Nicolae Corneanu (/ro/; 21 November 1923 – 28 September 2014) was a Romanian metropolitan bishop of the Romanian Orthodox Church who led the Metropolis of Banat from 1962 until his death in 2014.

Corneanu was born in Caransebeș. In 1992, he was elected an honorary member of the Romanian Academy. He died in Timișoara, aged 90.

==Honours==
===National honours===
- Romanian Royal Family: 34th Knight of the Royal Decoration of the Cross of the Romanian Royal House
- Romanian Republic: Grand Cross of the Order of the Star of Romania
- Romanian Republic: Grand Cross of the National Order of Merit
- Romanian People's Republic: Order of the Star of the Romanian People's Republic, 2nd class

== Controversies ==
In the early 1990s, the Orthodox Archbishop of Timișoara, Nicolae Corneanu, returned approximately 50 churches, including the cathedral in Lugoj, to the Greek Catholic Church. However, due to his actions, the Orthodox Holy Synod marginalized Archbishop Corneanu, and his fellow clergymen criticized him.

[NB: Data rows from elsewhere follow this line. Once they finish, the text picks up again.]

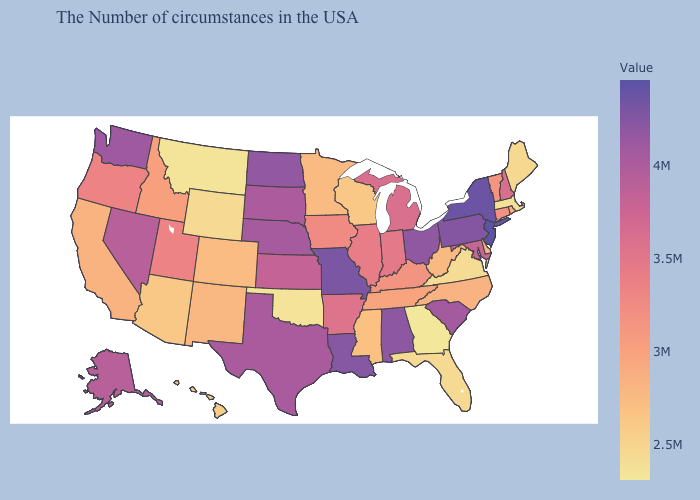Which states have the lowest value in the West?
Write a very short answer. Montana. Does the map have missing data?
Give a very brief answer. No. Which states have the highest value in the USA?
Quick response, please. New Jersey. Among the states that border Montana , which have the highest value?
Give a very brief answer. North Dakota. Among the states that border Wisconsin , does Iowa have the lowest value?
Keep it brief. No. Which states have the highest value in the USA?
Be succinct. New Jersey. 
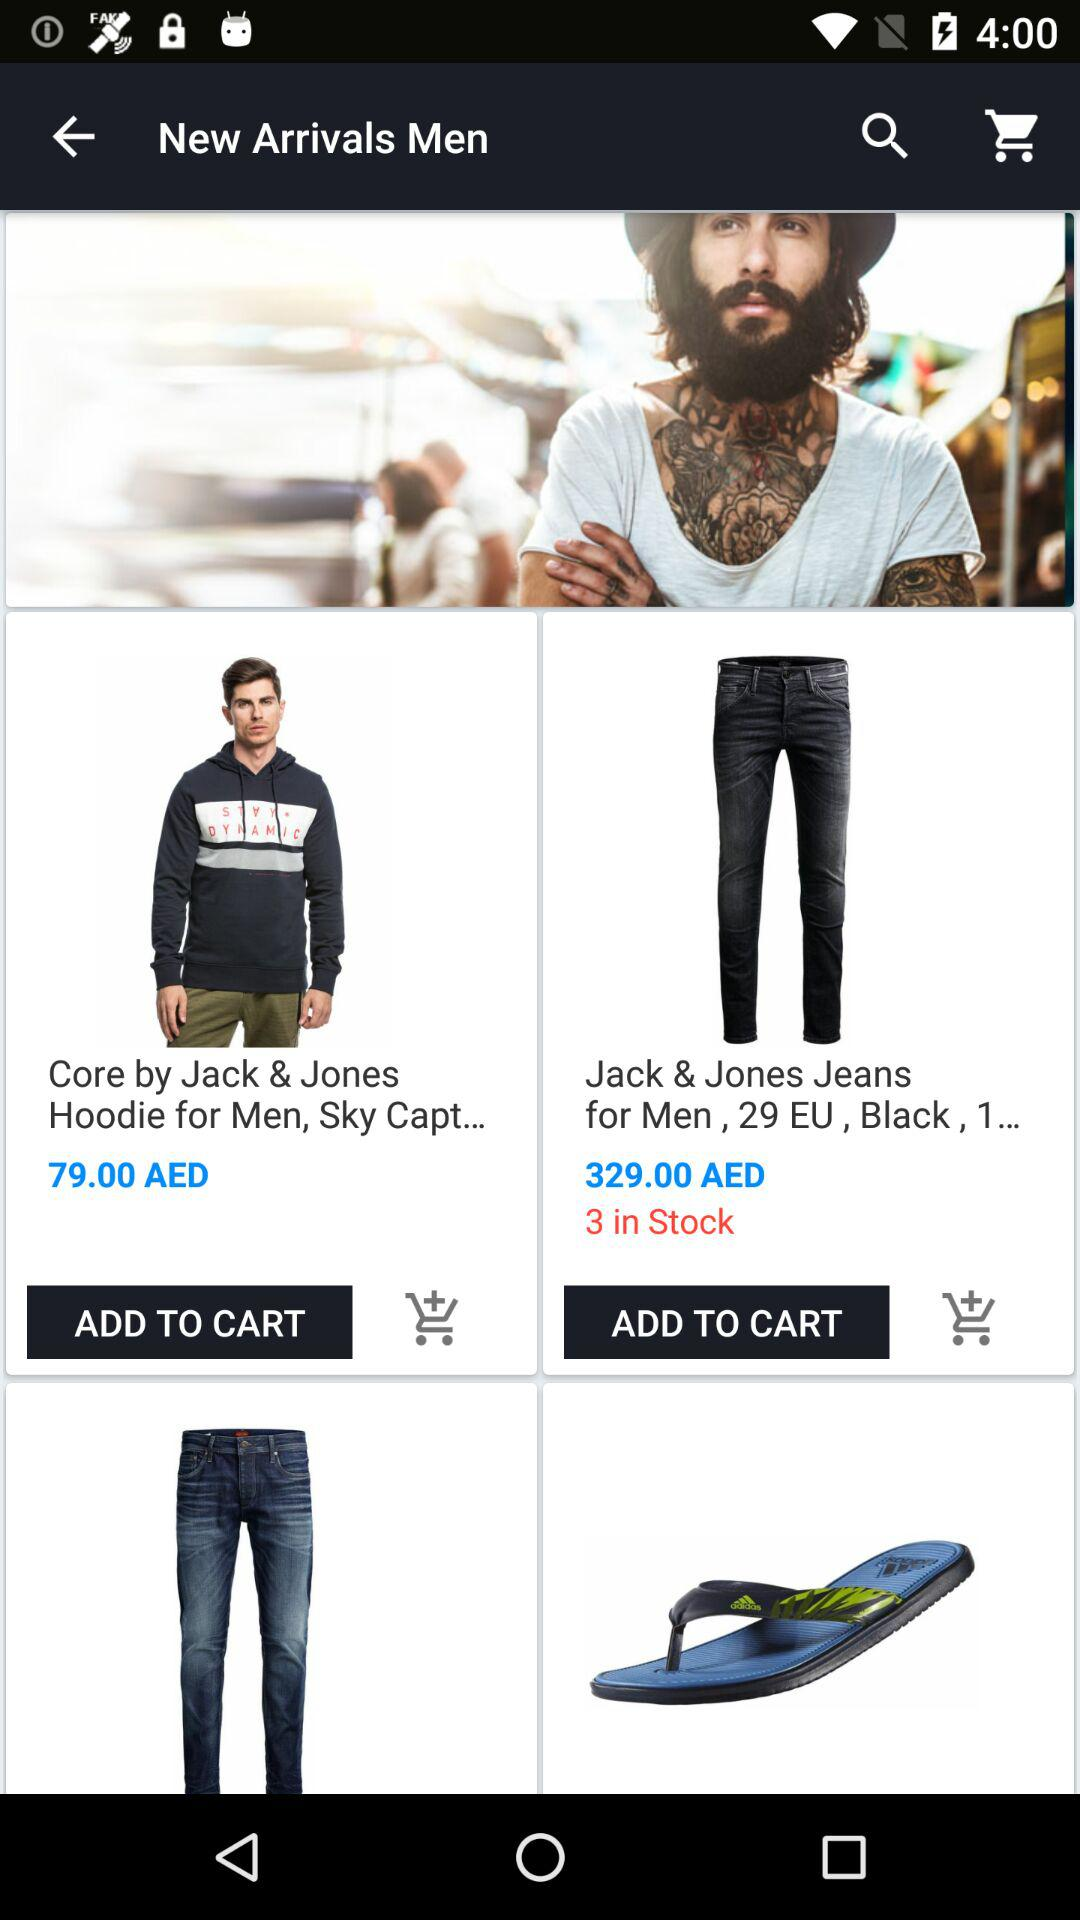How many Jack and Jones jeans are in stock? The number of Jack and Jones jeans in stock is 3.

Corneanu promoted unity between the Roman Catholic and the Eastern Orthodox Churches.
On May 25, 2008, during the consecration of the Queen of Peace parish church in Timișoara, he became the first Orthodox bishop after centuries to receive communion at a Catholic Liturgy. Metropolitan Nicolae shared the Eucharistic Chalice during the same Liturgy with two Catholic bishops, Romanian Byzantine Catholic Bishop Alexandru Mesian of Lugoj and Archbishop Francisco-Javier Lozano, the apostolic nuncio to Romania at that moment.

Two weeks later, on June 11, 2008, the event was met with hostility by Patriarch Kirill (at the moment Head of the Moscow Patriarchate, Department for External Church Relations Metropolitan Kirill).
Being under pressure from external ecclesiastic entities (most notable from Holy Mount Athos representatives and from the Head of the Moscow Patriarchate, Department for External Church Relations), the Holy Synod of the Romanian Orthodox Church gave in and chastised Metropolitan Nicolae.
On July 8–9, 2008 Patriarch Daniel convoked in Bucharest a special assembly of the Holy Synod of the Romanian Orthodox Church.
Under the counsel of the Holy Spirit, the majority of bishops decided to forgive Metropolitan Nicolae.
Patriarch Daniel concluded that:
"Through a sincere, deep theological dialogue, the dogmas that separate the Catholic Church from the Orthodox Church can be redefined".